Рассмотрим это на примере Лукача. Его формулировка: «беспрерывный карнавал фетишизированного внутреннего мира» не только витиевата и расплывчата – она и внешне уже сомнительна. Выбор яркого и конкретного слова карнавал, с которым у нас связано представление о пестроте красок, оживлении, шуме, явно имеет целью завуалировать бедность и неосновательность понятия; ибо в конечном счете либо Лукач всего лишь отмечает субъективизм в литературе того периода, и тогда это трюизм, поскольку такой субъективизм был провозглашен, либо он утверждает, что отношение автора к своей субъективности не могло не быть фетишизацией, а это чересчур поспешный вывод: Уайльд, Пруст, Бергсон, Жид, Джойс – сколько имен, столько и различных отношений к субъективному. И можно было бы, наоборот, показать, что ни Джойс, который задумал создать зеркало мира, бросить вызов общеупотребительному языку и заложить основы новой языковой общности, ни Пруст, разлагавший Я в процессе анализа и стремившийся лишь к тому, чтобы магией памяти возродить чистый реальный и внешний объект в его абсолютной единичности, ни Жид, верный традиции аристотелевского гуманизма, вовсе не фетишизируют внутренний мир. Это понятие не выведено из опыта, оно не связано с изучением поведения отдельных людей; его кажущаяся индивидуальность превращает его в гегелевскую идею (наподобие «несчастного сознания» или «прекрасной души»), которая создает свои собственные инструменты.

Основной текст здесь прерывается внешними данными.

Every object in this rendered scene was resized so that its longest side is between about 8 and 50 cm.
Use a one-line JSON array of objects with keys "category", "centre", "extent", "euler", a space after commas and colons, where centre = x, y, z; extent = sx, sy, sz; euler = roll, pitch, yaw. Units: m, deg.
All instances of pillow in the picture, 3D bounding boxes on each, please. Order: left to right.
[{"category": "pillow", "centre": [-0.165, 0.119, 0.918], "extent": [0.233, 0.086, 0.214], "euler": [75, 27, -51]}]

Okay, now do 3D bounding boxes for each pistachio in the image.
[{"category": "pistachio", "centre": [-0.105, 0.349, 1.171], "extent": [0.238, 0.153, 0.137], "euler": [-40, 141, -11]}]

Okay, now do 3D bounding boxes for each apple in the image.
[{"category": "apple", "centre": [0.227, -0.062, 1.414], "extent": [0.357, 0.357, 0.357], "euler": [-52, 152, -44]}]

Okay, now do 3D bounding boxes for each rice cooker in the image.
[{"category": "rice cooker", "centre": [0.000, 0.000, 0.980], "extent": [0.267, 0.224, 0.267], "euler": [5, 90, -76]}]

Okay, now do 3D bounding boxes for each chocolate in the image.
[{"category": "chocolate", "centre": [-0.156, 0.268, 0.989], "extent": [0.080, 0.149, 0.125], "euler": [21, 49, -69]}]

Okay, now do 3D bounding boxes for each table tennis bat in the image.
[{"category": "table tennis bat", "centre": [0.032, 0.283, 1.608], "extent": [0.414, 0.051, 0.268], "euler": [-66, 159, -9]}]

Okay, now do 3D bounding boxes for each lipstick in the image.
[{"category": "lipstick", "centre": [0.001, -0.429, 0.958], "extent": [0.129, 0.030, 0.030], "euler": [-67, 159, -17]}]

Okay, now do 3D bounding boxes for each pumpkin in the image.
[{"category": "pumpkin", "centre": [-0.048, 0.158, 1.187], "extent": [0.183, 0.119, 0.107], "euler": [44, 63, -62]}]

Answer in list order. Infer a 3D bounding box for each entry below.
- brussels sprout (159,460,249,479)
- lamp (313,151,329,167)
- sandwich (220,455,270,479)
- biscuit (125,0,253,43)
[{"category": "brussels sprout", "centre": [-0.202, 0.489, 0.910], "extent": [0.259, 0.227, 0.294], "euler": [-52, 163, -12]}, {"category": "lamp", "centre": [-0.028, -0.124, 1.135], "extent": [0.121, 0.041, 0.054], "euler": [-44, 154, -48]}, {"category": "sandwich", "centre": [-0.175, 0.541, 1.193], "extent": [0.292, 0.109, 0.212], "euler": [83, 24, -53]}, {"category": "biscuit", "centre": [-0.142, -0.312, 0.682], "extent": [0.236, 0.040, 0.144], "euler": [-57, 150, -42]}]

Этот ленивый марксизм относит все ко всему, делает реальных людей символами своих мифов; так превращается в параноический бред единственная философия, действительно способная постичь всю многосложность человеческого бытия. «Соотнести», согласно Гароди, – значит связать, с одной стороны, всеобщность некоторой эпохи, некоторого условия, некоторого класса, соотношения сил между этим и другими классами и, с другой стороны, всеобщность оборонительной либо наступательной позиции (социальную практику или идеологическую концепцию). Но эта система соответствий между абстрактными всеобщностями построена специально затем, чтобы обратить в ничто социальную группу или человека, которых берутся рассматривать. Если я хочу понять Валери – этого мелкобуржуазного интеллигента, выходца из такой исторически конкретной группы, как французская мелкая буржуазия конца прошлого века, то мне лучше не обращаться к марксистам: они поставят на место этой численно определенной группы идею материальных условий ее жизни, ее положения среди других групп («мелкий буржуа всякий раз говорит: с одной стороны... с другой») и ее внутренних противоречий; мы придем к экономической категории и увидим, что для мелкобуржуазной собственности представляют опасность как концентрация капитала, так и требования народных масс, чем нам, разумеется, и объяснят нетвердость ее социальной позиции. Все это совершенно справедливо; этот остов всеобщности (squelette d'universalite) есть сама истина на определенном уровне абстракции; более того: когда поставленные вопросы остаются в сфере всеобщего, то через сочетание этих схематических элементов иногда можно найти ответы.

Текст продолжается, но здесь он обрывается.